When the elastin peptide obtained as described above is used as a solution, the solution is adjusted to a pH suitable for a desired application, and desalting is performed if necessary. Desalting can be performed by any method such as an ultrafiltration method or an ion exchange method.
Moreover, when an insoluble matter exists, it can remove using arbitrary methods, such as filtration, centrifugation, and a decantation. In the case of removal by filtration, adsorbents and filter aids such as activated carbon, bentonite, and celite are used to remove impurities (coloring components other than elastin peptides) other than insoluble substances contained in the solution, if necessary. May be added. In particular, when used as a solution, it is preferable to perform sterilization filtration with a membrane filter or the like.
The elastin peptide thus obtained may be used as a solution as it is, or may be used in the form of a powder obtained by further performing spray drying or freeze drying after concentration.

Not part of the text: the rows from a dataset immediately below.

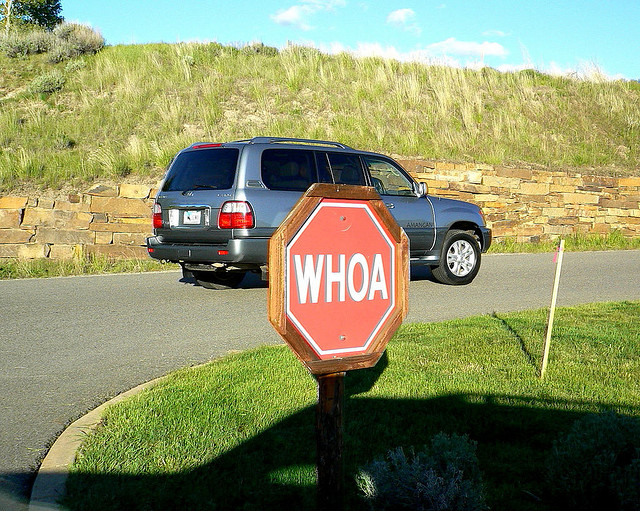Please transcribe the text information in this image. WHOA 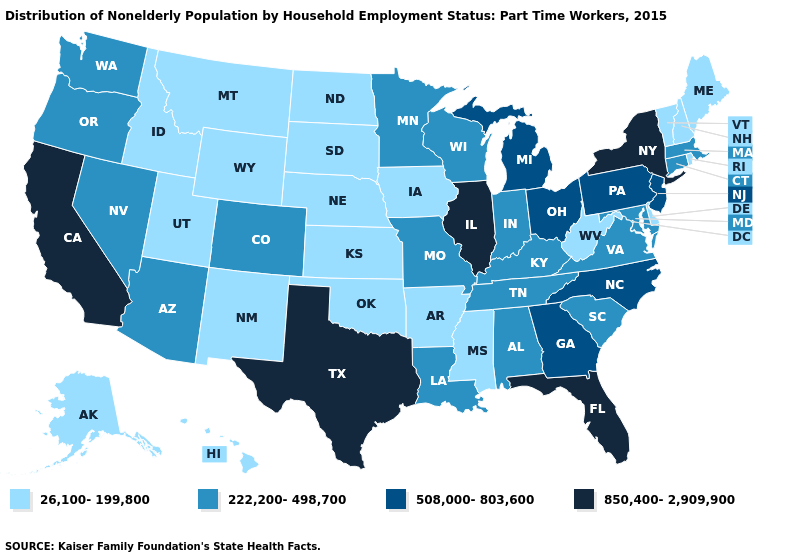Name the states that have a value in the range 850,400-2,909,900?
Concise answer only. California, Florida, Illinois, New York, Texas. Among the states that border Alabama , which have the highest value?
Short answer required. Florida. What is the highest value in the Northeast ?
Be succinct. 850,400-2,909,900. Name the states that have a value in the range 508,000-803,600?
Short answer required. Georgia, Michigan, New Jersey, North Carolina, Ohio, Pennsylvania. How many symbols are there in the legend?
Keep it brief. 4. How many symbols are there in the legend?
Concise answer only. 4. Name the states that have a value in the range 26,100-199,800?
Write a very short answer. Alaska, Arkansas, Delaware, Hawaii, Idaho, Iowa, Kansas, Maine, Mississippi, Montana, Nebraska, New Hampshire, New Mexico, North Dakota, Oklahoma, Rhode Island, South Dakota, Utah, Vermont, West Virginia, Wyoming. How many symbols are there in the legend?
Write a very short answer. 4. Which states hav the highest value in the Northeast?
Keep it brief. New York. Does the first symbol in the legend represent the smallest category?
Concise answer only. Yes. Does Delaware have a lower value than Pennsylvania?
Concise answer only. Yes. What is the value of Alabama?
Be succinct. 222,200-498,700. Does Nevada have a higher value than Tennessee?
Keep it brief. No. Which states have the lowest value in the USA?
Be succinct. Alaska, Arkansas, Delaware, Hawaii, Idaho, Iowa, Kansas, Maine, Mississippi, Montana, Nebraska, New Hampshire, New Mexico, North Dakota, Oklahoma, Rhode Island, South Dakota, Utah, Vermont, West Virginia, Wyoming. Among the states that border South Dakota , which have the highest value?
Concise answer only. Minnesota. 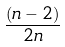Convert formula to latex. <formula><loc_0><loc_0><loc_500><loc_500>\frac { ( n - 2 ) } { 2 n }</formula> 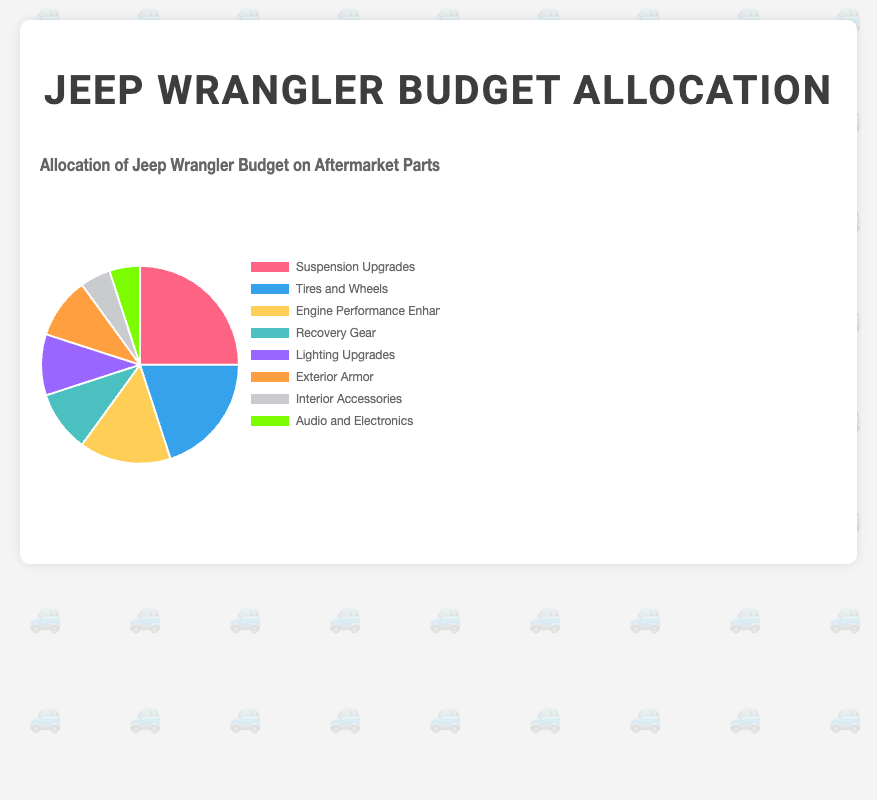What's the largest budget allocation category? The largest budget allocation category is the one with the highest percentage. Checking the data, "Suspension Upgrades" has the highest value at 25%.
Answer: Suspension Upgrades Which category has a higher budget allocation: "Tires and Wheels" or "Engine Performance Enhancements"? To find which category has a higher budget allocation, we compare the percentages. "Tires and Wheels" has 20% and "Engine Performance Enhancements" has 15%. 20% is greater than 15%.
Answer: Tires and Wheels What is the combined budget allocation for "Recovery Gear" and "Lighting Upgrades"? The budget allocation for "Recovery Gear" is 10% and for "Lighting Upgrades" is also 10%. Adding these values gives 10% + 10% = 20%.
Answer: 20% How much more is allocated to "Suspension Upgrades" compared to "Audio and Electronics"? The budget allocation for "Suspension Upgrades" is 25% and for "Audio and Electronics" is 5%. The difference is 25% - 5% = 20%.
Answer: 20% What is the total budget percentage allocated to categories with 10% each? The categories with 10% each are "Recovery Gear," "Lighting Upgrades," and "Exterior Armor." Adding these values gives 10% + 10% + 10% = 30%.
Answer: 30% Are there any categories with the same budget allocation? If so, which ones? To determine if any categories have the same budget allocation, we look for identical percentages. Both "Interior Accessories" and "Audio and Electronics" have 5%. Also, "Recovery Gear," "Lighting Upgrades," and "Exterior Armor" each have 10%.
Answer: Interior Accessories and Audio and Electronics; Recovery Gear, Lighting Upgrades, and Exterior Armor What fraction of the budget is allocated to "Interior Accessories" compared to the entire budget? The budget allocation for "Interior Accessories" is 5%. The entire budget is 100%. So, the fraction is 5/100, which simplifies to 1/20.
Answer: 1/20 What is the difference in budget allocation between "Tires and Wheels" and "Exterior Armor"? The budget allocation for "Tires and Wheels" is 20% and for "Exterior Armor" is 10%. The difference is 20% - 10% = 10%.
Answer: 10% What percentage of the budget is allocated to performance-related enhancements ("Suspension Upgrades", "Tires and Wheels", "Engine Performance Enhancements")? Summing up the allocations for "Suspension Upgrades" (25%), "Tires and Wheels" (20%), and "Engine Performance Enhancements" (15%) gives 25% + 20% + 15% = 60%.
Answer: 60% Which category is represented by the green color in the pie chart? The color green is typically associated with the last item in the provided background colors list. Matching 'green' with the color in the list, "Audio and Electronics" is green.
Answer: Audio and Electronics 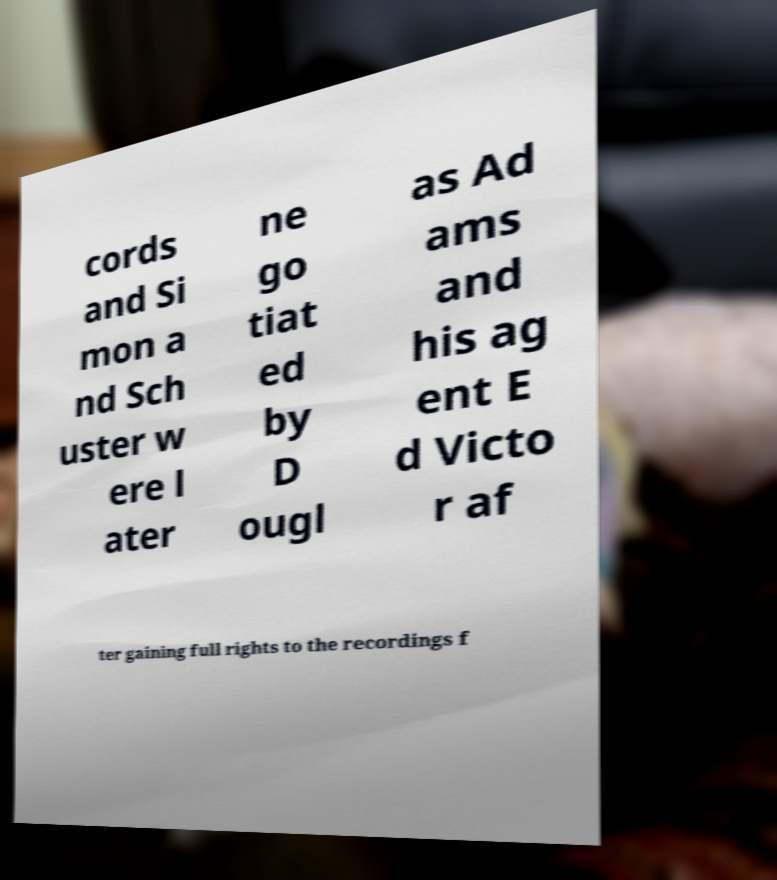What messages or text are displayed in this image? I need them in a readable, typed format. cords and Si mon a nd Sch uster w ere l ater ne go tiat ed by D ougl as Ad ams and his ag ent E d Victo r af ter gaining full rights to the recordings f

  Among the elastin peptides obtained as described above, the proportion occupied by those having a molecular weight of 1000 or less is 70% or more, preferably 75% or more, more preferably 80% or more. The tendon and ligament function improving agent having the above-mentioned conditions each show high activity and are excellent in absorption characteristics at the time of administration. The molecular weight of the elastin peptide and its abundance ratio (weight ratio) can be determined using any known method such as size exclusion chromatography (gel filtration chromatography), mass spectrometry and the like. If the proportion of the elastin peptide having a molecular weight of 1000 or less is less than 70%, problems such as a decrease in absorption efficiency or expression of mutagenicity may occur.

  The elastin peptide thus obtained has an action of promoting proliferation of tendon cells and ligament cells. Thereby, it is considered effective for promoting recovery of ligament damage, preventing locomotive syndrome such as knee arthropathy, ligament damage caused by sports, etc., and strengthening functions of ligaments such as elderly people, athletes and racehorses.

Elastin peptide has the activity of promoting the expression of elastin mRNA, type I collagen mRNA, type III collagen mRNA and tenomodulin mRNA in tendon cells and ligament cells. Elastin, type I collagen, and type III collagen are the main constituents of the ligament, and their production is promoted, whereby effects such as enhancement of ligament function and promotion of recovery of damage to the ligament can be obtained. Tenomodulin is a 317 amino acid glycoprotein expressed in ligaments, tendons and the like, and contains a cysteine-rich functional domain having homology with chondromodulin-I. The 16 kD C-terminal domain of tenomodulin cleaved by proteolysis is known to exhibit tendon cell proliferation activity, and tenomodulin is thought to play some role in strengthening the functions of ligaments and tendons. Therefore, it seems that promoting the production of tenomodulin also plays an advantageous role in enhancing the function of the ligament.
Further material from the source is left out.